» **TASK OBJECTIVE**
The entries follow. Copy every line in which "when" appears.

<<<<

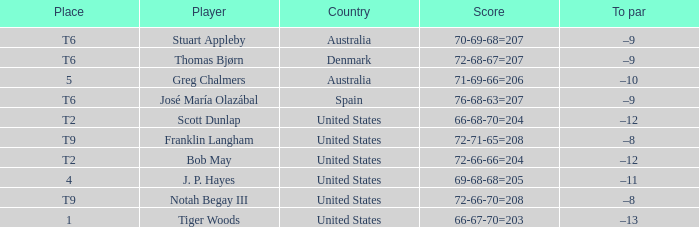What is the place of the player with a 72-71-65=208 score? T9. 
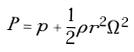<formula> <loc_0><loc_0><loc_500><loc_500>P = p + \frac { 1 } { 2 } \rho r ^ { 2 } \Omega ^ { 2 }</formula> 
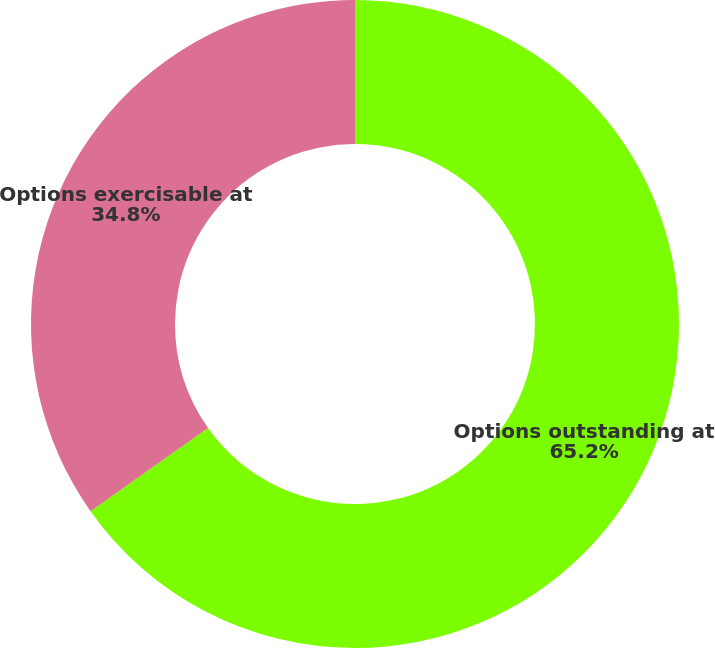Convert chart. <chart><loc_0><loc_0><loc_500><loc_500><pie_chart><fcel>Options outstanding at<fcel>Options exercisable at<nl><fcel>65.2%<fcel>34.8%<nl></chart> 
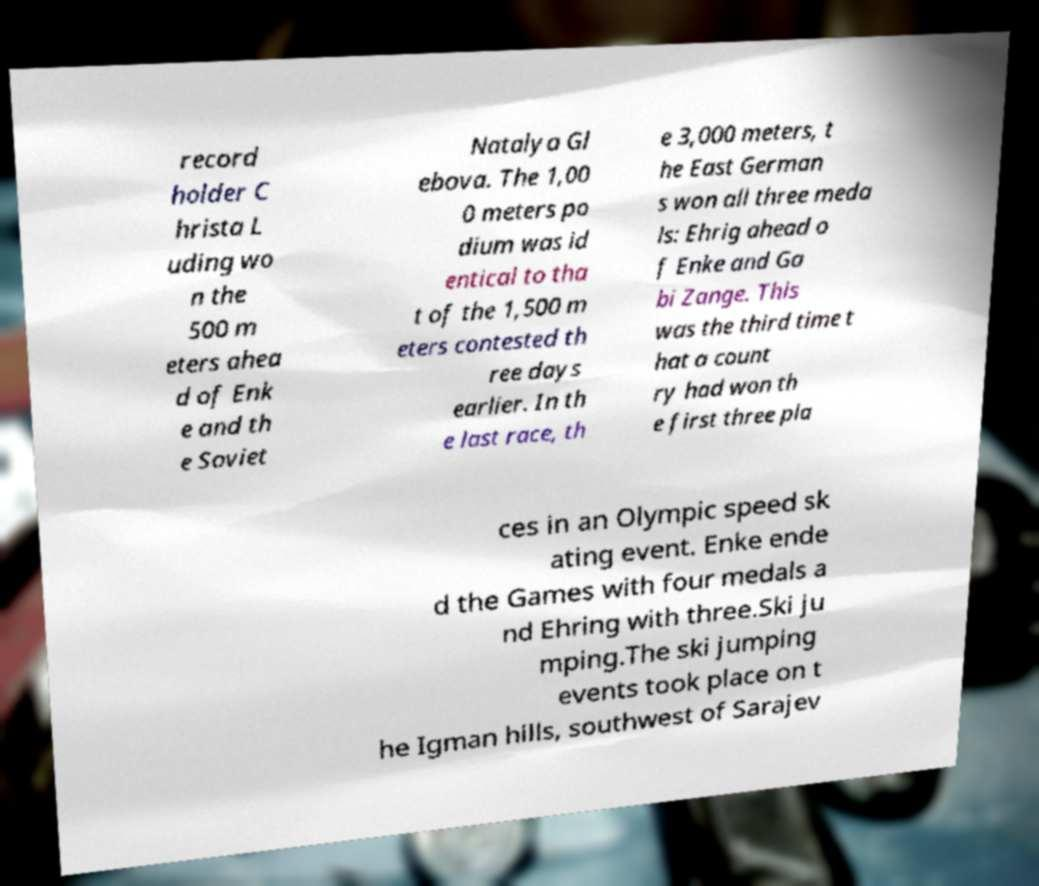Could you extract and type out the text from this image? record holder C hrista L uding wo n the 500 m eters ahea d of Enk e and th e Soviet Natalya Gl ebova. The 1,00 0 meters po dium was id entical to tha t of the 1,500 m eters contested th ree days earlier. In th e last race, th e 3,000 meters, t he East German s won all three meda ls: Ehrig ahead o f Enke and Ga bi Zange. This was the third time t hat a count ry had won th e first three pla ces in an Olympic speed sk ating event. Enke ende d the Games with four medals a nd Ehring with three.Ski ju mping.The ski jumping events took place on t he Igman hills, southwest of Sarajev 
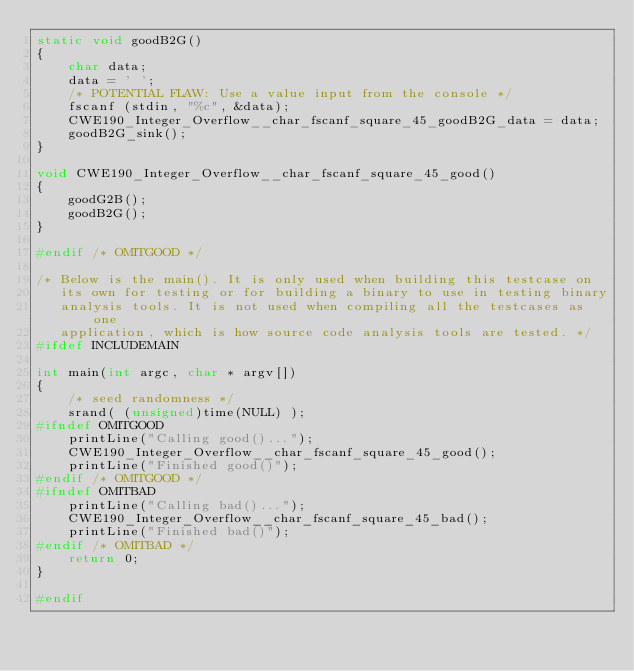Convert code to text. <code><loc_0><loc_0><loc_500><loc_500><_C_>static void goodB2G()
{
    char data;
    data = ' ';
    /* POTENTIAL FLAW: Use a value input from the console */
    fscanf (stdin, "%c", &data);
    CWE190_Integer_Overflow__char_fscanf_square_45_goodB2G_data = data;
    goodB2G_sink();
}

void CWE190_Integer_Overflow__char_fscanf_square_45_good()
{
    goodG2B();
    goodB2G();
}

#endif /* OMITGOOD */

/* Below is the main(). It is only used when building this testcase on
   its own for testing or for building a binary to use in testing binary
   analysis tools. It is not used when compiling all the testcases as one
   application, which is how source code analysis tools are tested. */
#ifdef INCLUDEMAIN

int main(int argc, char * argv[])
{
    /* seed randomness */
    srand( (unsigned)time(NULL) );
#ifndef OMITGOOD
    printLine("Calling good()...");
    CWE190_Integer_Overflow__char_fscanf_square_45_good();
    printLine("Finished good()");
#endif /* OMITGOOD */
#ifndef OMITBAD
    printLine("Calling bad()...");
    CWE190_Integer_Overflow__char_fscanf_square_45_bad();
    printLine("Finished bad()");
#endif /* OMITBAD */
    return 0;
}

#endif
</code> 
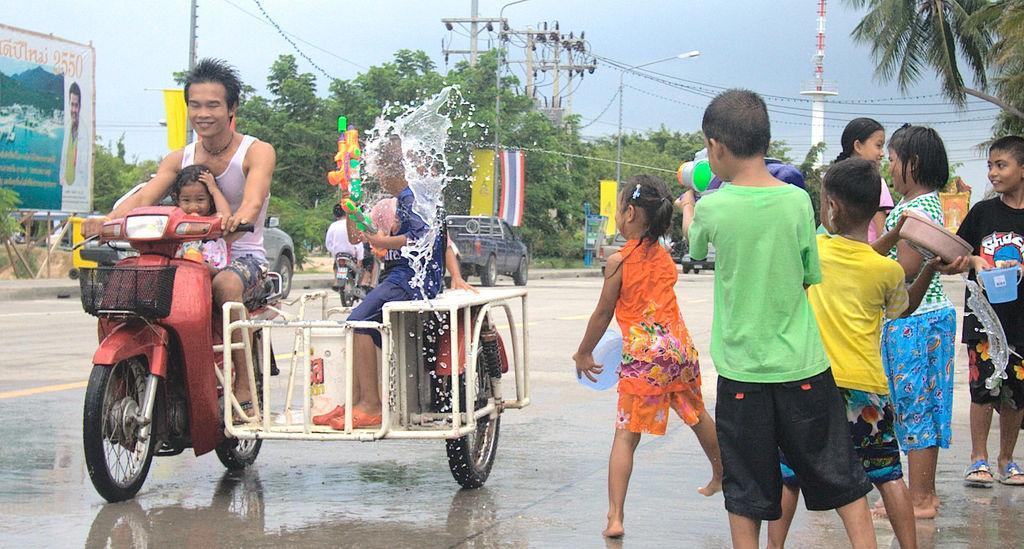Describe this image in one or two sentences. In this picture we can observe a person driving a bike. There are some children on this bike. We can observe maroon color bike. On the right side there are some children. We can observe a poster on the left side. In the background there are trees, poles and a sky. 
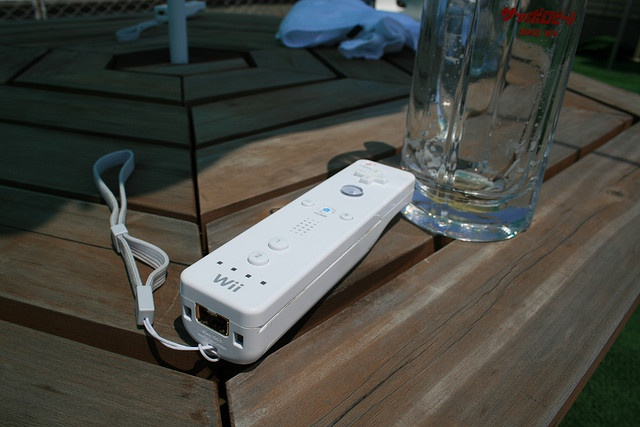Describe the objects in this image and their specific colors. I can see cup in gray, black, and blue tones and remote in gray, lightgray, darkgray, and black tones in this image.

>>>>

» **WORKED SOLUTION**
/* Below is the main(). It is only used when building this testcase on
   analysis tools. It is not used when compiling all the testcases as one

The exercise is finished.